Monday, May 07, 2007

The following letter was composed and read by Fannie Benners, on behalf of the
women of Jefferson, to Confederate troops on the eve of their departure to the
Civil War:

"Gentlemen: Allow me as the chosen, yet humble, medium of the ladies, who
at the request of one of your fellow citizens (he having furnished the means),
have made and tendered this testimonial of their high appreciation of the valor
and patriotism that induced you thus to form yourselves into so chivalric and
noble a band to defend and free this fair sunny south, the land of our sires
and our homes, from the tyranny of a worse than Vandal foes.

"In offering you a standard which we trust may prove a rallying point
of many a victorious battlefield, not to increase your bravery and valor, for
they are ample to every demand, but to keep ever present in your souls the puissant
thoughts of home and loved ones whose every prayer is for your success and whose
tears are for your hardships and misfortunes.

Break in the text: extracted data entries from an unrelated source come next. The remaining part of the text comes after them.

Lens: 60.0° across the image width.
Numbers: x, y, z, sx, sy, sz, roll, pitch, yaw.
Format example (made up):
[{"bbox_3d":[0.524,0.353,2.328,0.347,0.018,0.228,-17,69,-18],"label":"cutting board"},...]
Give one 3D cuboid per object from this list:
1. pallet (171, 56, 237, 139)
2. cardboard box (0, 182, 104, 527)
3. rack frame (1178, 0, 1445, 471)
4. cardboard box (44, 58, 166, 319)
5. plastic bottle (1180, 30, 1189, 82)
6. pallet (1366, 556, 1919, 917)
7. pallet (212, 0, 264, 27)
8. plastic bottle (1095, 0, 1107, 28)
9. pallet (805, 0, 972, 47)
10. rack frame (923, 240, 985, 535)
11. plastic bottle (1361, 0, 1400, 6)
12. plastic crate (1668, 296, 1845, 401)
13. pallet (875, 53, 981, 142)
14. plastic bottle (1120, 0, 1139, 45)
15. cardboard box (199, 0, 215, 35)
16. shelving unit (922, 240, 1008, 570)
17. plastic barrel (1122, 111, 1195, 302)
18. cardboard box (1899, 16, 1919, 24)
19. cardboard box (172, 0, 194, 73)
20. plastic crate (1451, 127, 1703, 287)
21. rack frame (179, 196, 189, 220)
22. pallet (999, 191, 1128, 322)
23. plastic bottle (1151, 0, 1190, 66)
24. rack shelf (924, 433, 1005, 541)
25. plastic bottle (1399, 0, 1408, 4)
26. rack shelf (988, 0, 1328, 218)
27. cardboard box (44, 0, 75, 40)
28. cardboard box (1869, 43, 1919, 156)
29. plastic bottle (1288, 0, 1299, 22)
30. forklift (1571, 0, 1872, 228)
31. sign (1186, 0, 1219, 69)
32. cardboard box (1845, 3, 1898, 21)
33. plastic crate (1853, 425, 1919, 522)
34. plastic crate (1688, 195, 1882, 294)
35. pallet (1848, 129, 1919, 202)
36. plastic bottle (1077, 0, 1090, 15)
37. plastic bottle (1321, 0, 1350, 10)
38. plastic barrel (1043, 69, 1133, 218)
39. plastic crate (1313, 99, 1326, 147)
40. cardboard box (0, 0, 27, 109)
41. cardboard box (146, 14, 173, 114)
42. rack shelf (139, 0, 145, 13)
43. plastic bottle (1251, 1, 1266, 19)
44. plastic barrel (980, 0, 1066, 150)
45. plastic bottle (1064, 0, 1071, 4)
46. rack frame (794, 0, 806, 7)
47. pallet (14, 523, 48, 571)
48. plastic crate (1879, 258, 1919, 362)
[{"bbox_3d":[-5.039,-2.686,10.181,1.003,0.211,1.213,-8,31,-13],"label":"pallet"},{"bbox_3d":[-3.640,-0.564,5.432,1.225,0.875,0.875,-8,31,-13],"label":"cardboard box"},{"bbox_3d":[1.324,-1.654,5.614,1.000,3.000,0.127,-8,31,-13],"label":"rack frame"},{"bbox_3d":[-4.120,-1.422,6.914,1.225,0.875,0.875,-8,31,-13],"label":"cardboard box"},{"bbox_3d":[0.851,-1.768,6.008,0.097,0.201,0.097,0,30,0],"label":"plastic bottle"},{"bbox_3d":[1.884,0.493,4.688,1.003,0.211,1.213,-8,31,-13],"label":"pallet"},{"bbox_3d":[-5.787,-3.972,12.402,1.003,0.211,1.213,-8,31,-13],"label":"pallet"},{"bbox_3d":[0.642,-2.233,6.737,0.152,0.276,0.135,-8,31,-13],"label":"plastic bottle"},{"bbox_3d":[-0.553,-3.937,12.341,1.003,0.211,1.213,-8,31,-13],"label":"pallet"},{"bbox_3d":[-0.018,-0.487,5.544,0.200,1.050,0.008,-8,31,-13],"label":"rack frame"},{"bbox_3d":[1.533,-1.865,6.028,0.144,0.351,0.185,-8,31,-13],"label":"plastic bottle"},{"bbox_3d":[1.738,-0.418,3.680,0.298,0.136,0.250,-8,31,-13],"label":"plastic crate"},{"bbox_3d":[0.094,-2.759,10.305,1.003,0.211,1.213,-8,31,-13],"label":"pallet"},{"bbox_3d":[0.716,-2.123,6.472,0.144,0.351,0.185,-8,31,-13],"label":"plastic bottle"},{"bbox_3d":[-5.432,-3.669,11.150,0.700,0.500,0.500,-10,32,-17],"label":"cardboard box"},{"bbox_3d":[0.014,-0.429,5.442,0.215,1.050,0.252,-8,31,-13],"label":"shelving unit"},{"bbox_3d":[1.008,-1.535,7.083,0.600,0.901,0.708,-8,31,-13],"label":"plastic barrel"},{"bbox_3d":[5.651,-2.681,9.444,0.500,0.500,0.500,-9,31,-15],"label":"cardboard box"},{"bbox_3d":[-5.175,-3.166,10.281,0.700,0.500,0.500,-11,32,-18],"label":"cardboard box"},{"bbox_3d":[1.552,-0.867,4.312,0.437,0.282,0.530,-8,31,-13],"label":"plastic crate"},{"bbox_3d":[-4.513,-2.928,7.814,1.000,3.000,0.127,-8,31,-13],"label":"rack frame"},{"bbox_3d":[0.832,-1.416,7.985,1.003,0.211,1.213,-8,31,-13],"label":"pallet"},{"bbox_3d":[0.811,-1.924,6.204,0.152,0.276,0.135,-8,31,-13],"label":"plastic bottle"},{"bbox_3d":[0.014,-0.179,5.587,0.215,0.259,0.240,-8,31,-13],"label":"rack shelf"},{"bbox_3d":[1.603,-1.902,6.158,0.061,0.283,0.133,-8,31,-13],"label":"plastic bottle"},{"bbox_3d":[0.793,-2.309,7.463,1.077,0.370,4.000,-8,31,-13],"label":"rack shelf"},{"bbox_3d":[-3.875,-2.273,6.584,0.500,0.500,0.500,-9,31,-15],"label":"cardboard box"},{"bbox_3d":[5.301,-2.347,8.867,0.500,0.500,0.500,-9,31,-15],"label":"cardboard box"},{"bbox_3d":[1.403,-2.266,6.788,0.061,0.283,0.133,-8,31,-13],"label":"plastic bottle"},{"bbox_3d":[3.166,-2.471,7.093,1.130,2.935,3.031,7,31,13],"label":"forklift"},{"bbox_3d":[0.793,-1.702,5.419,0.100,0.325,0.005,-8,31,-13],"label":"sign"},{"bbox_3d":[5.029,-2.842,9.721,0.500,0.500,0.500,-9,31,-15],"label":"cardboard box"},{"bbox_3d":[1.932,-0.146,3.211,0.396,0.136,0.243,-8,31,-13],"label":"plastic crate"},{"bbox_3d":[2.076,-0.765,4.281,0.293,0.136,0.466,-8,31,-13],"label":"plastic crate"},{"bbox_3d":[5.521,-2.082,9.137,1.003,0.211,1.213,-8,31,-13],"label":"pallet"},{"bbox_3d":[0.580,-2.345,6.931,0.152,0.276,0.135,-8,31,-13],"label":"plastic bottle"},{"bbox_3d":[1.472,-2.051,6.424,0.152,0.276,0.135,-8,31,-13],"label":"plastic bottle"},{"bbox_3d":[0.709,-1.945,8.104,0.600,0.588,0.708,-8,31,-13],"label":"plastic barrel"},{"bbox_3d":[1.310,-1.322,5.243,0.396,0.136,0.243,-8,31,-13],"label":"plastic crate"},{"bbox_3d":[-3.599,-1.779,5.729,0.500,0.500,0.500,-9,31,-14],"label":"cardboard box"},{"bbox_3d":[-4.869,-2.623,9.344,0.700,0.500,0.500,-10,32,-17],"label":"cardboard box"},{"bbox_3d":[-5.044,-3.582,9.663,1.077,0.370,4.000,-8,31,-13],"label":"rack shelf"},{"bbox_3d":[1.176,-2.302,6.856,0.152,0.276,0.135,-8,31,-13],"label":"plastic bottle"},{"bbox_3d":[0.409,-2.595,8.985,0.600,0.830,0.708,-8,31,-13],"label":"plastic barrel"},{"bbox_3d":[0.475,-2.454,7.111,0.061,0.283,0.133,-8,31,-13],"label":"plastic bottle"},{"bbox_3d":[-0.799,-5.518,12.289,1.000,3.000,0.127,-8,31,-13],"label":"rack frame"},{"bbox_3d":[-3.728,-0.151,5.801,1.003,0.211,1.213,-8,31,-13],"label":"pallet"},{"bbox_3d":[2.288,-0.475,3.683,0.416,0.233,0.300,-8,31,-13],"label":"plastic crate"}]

"The motto of this banner, ‘The brave may fall, but never yield,’ is consonant
with the patriotism which has convoked this military existence, and as you catch
its voiceless whispers in your ears, and list its soft echoes in your souls,
a new inspiration will seize you, rendering stout your hearts and strong your

"Gentlemen, the pathway which duty and patriotism has pointed, and which
you have so willingly and determinately entered, is one beset with dangers,
difficulties and hardships, compared to which the labors of Hercules and the
toils of Sysiphus are as child’s play.

"Then grow not weary, but work earnestly and to purpose. Should you be
faint and weary from over-toil and the heat and thirst of battle, remember,
that beyond you is the ever-gushing fountain from the cleft rock of freedom
to slake your thirst and reward you. Then strike again, and soon. Fair and prophetic
Hope, on ambient wing, mounting ever upward, toward the blue Empyrean, shall,
in concert with liberty, sing that happifying paean, ‘Our land is free, return,
ye spared and favored few, to happy homes where loved ones stand with open arms
and loving hearts to receive and greet you.’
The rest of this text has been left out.